Decided on October 29, 2019
Supreme Court, Bronx County

Lucy Davis, as Administrator of the Estate of BETTY DAVIS, deceased, Plaintiff,


Cliffside Rehabilitation & Residential Healthcare Center, CLIFFSIDE NURSING HOME, INC., and FLUSHING HOSPITAL MEDICAL CENTER, Defendants.


Plaintiff's Attorney:

Cybele S. Louis, Esq.


6 Harbor Park Drive

Port Washington, New York 11050



Leonard Gekham, Esq.


200 Old County Road - Suite 340

Mineola, New York 11501




220 East 42nd Street

New York, New York 10017

Joseph E. Capella, J.

The following papers numbered 1 to 3 read on this motion duly submitted October 28, 2019.

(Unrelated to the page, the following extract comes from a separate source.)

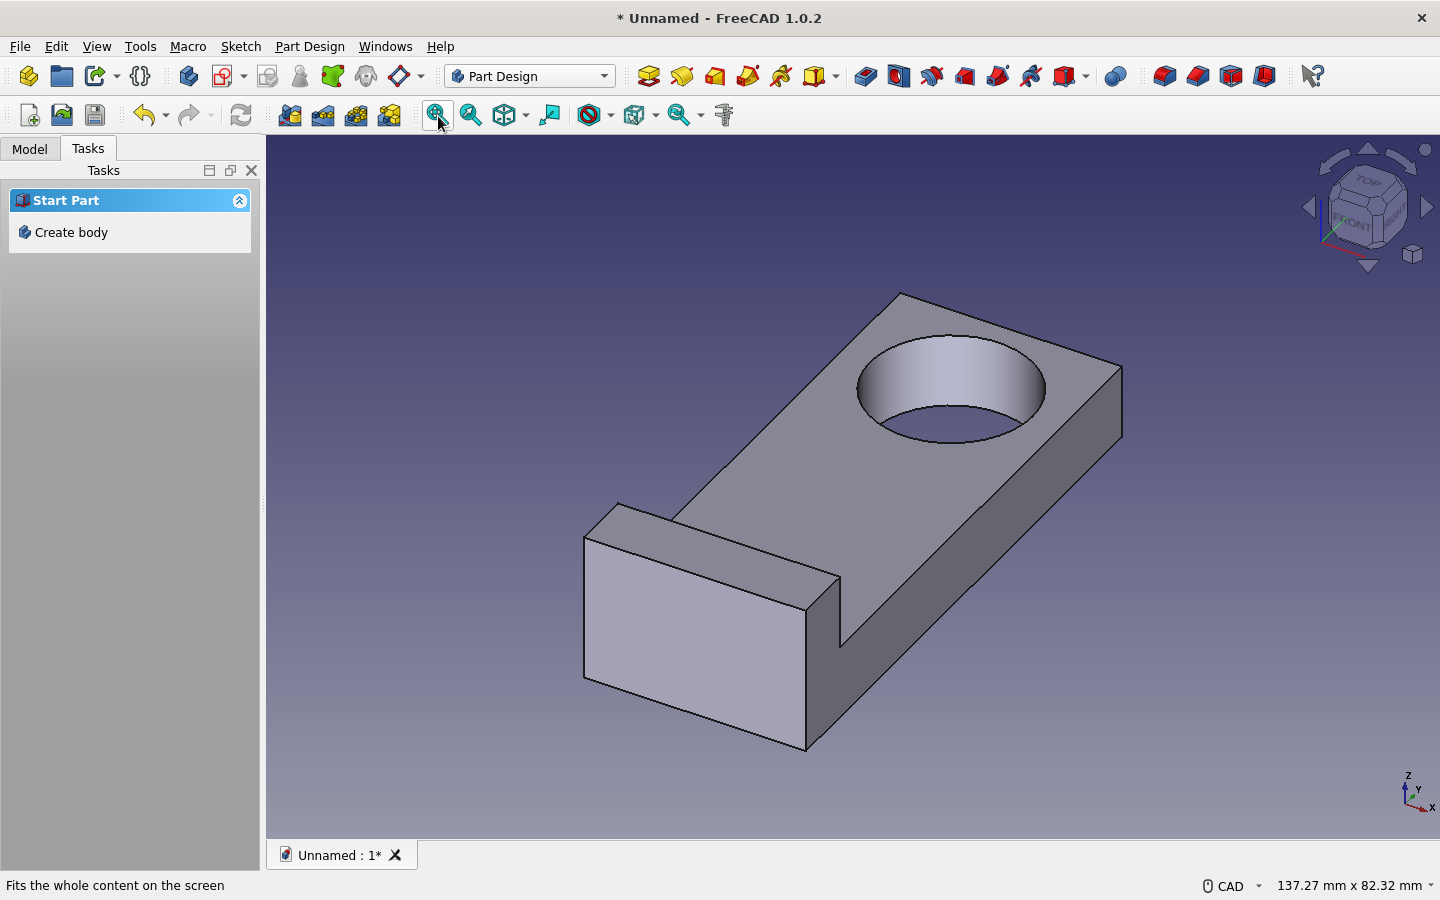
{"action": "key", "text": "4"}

By notice of motion dated June 25, 2019, plaintiff seeks to vacate the "90-Day Notice" dated March 20, 2019 (CPLR 3216), served by defendants, CLIFFSIDE REHABILITATION & RESIDENTIAL HEALTHCARE CENTER and CLIFFSIDE NURSING HOME, INC. (collectively referred to as CLIFFSIDE), or alternatively, an extension of time to file a "Note of Issue" (CPLR § 2004). CPLR 3216 provides a defendant confronted with a less than diligent plaintiff a means to expedite the prosecution of the action by serving a written notice upon plaintiff demanding that a Note of Issue be filed within 90 days (90-Day Notice), or in the event of a default, risk dismissal of the action. (Carte v Segall, 134 AD2d 397 [2nd Dept 1987].) A plaintiff confronted with a 90-Day Notice can avoid a default by either timely filing a Note of Issue, or serving a motion that seeks to either vacate the 90-Day Notice or extend the time within which to comply (CPLR § 2004). (Brady v Benenson, 2 AD3d 382 [2nd Dept 2003].) Upon failure to file a Note of Issue or motion within the 90 day time period, plaintiff may still avoid dismissal by demonstrating both a reasonable excuse for the default and the existence of a meritorious cause of action. (Garcia v Roopnarine, 18 AD3d 607 [2nd Dept 2005].) In order to demonstrate a meritorious cause of action, an affidavit or affirmation of merit from one with personal knowledge of the facts is required. (Duqmaq v Stewart, 137 AD2d 653 [2nd Dept 1988].) It must be noted, however, that if a motion is made prior to the expiration of the prescribed period to respond, then an affidavit or affirmation of merit is not required (Carte, 134 AD2d 397; Grant v City of New York, 17 AD3d 215 [1st Dept 2005]).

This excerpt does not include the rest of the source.